===== Input data
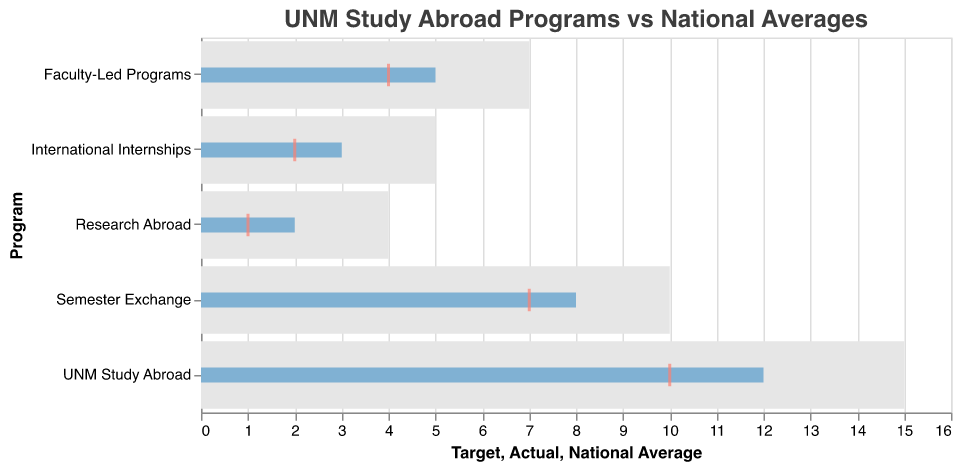What's the title of the chart? The title of the chart is displayed at the top and is generally larger in font size compared to other text elements in the chart. It sums up the focus of the chart, which is "UNM Study Abroad Programs vs National Averages".
Answer: "UNM Study Abroad Programs vs National Averages" How many different study abroad program types are displayed in the chart? By examining the y-axis, which lists the different program types, you can count the number of unique program types presented.
Answer: 5 Which program type had the highest actual participation percentage? By looking at the length of the blue bars, which represent actual percentages, you can identify the longest bar. "UNM Study Abroad" has the longest blue bar, indicating the highest actual participation percentage.
Answer: UNM Study Abroad What is the difference between the target percentage and the actual percentage for "International Internships"? The target percentage for "International Internships" is the end of the light gray bar (5), and the actual percentage is the length of the blue bar (3). The difference can be calculated by subtracting the actual percentage from the target percentage: 5 - 3 = 2.
Answer: 2 Which program type exceeded the national average by the largest percentage? To determine this, compare the position of the orange ticks (national averages) and the blue bars (actual percentages). Calculate the difference for each program and find the maximum. For "UNM Study Abroad", the difference is 12 - 10 = 2. For "Semester Exchange", it's 8 - 7 = 1. For "Faculty-Led Programs", it's 5 - 4 = 1. For "International Internships", it's 3 - 2 = 1. For "Research Abroad", it's 2 - 1 = 1. "UNM Study Abroad" exceeds the national average by the largest margin of 2.
Answer: UNM Study Abroad Are there any programs where the actual percentage is equal to the national average? By comparing the blue bars (actual percentages) with the orange ticks (national averages), note if they align for any program type. No blue bar aligns entirely with any orange tick.
Answer: No Which program type had the smallest actual participation percentage, and what was that percentage? By looking at the length of the blue bars, identify the shortest one, which represents the smallest actual percentage. "Research Abroad" has the shortest blue bar, indicating an actual participation percentage of 2.
Answer: Research Abroad, 2% How many program types had their actual participation percentage below their target? By comparing the blue bars (actual percentages) with the ends of the light gray bars (targets), count how many of the blue bars fall short of their respective targets. All five program types have their actual percentages below their targets.
Answer: 5 
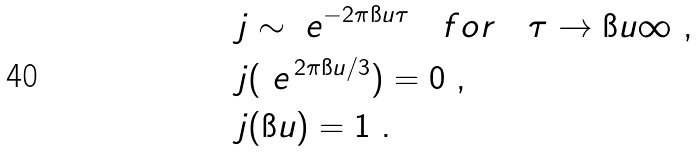Convert formula to latex. <formula><loc_0><loc_0><loc_500><loc_500>& j \sim \ e ^ { - 2 \pi \i u \tau } \quad f o r \quad \tau \to \i u \infty \ , \\ & j ( \ e ^ { \, 2 \pi \i u / 3 } ) = 0 \ , \\ & j ( \i u ) = 1 \ .</formula> 
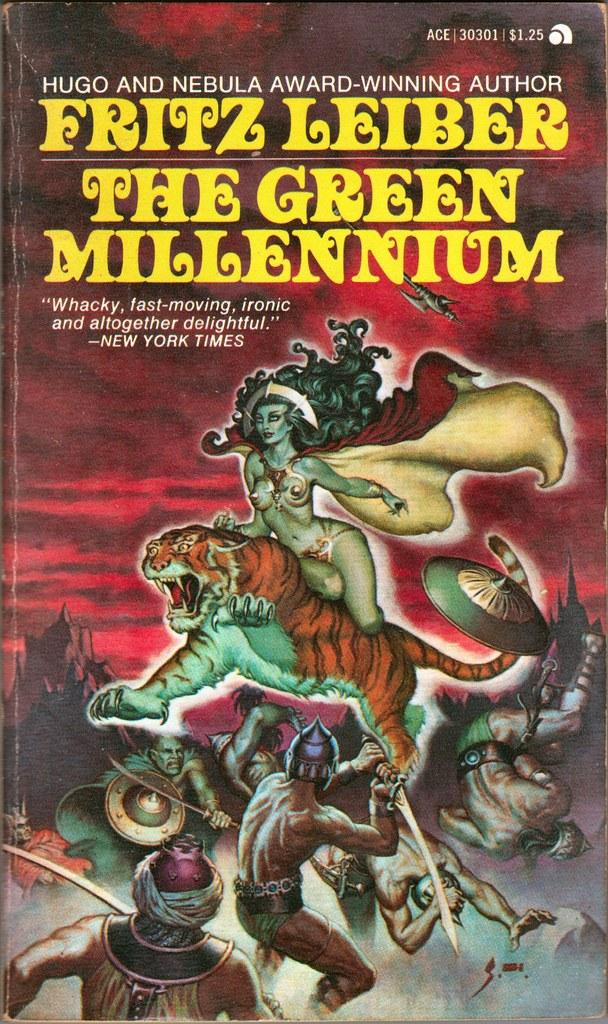<image>
Relay a brief, clear account of the picture shown. An award winning author wrote The Green Millennium. 
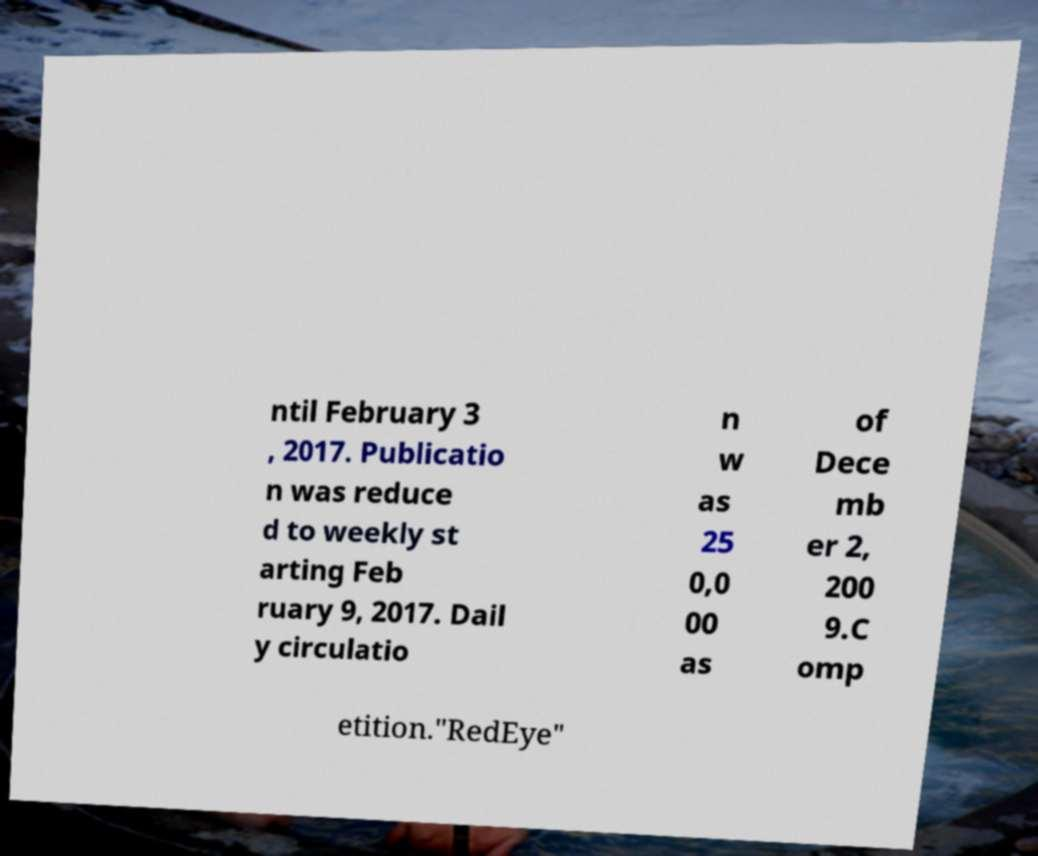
==========
**Required work:** Above are the records; copy every line in them that holds the word "types".

**Answer box:**
Answer: "UNM Study Abroad Programs vs National Averages" How many different study abroad program types are displayed in the chart? By examining the y-axis, which lists the different program types, you can count the number of unique program types presented.
Answer: Research Abroad, 2% How many program types had their actual participation percentage below their target? By comparing the blue bars (actual percentages) with the ends of the light gray bars (targets), count how many of the blue bars fall short of their respective targets. All five program types have their actual percentages below their targets.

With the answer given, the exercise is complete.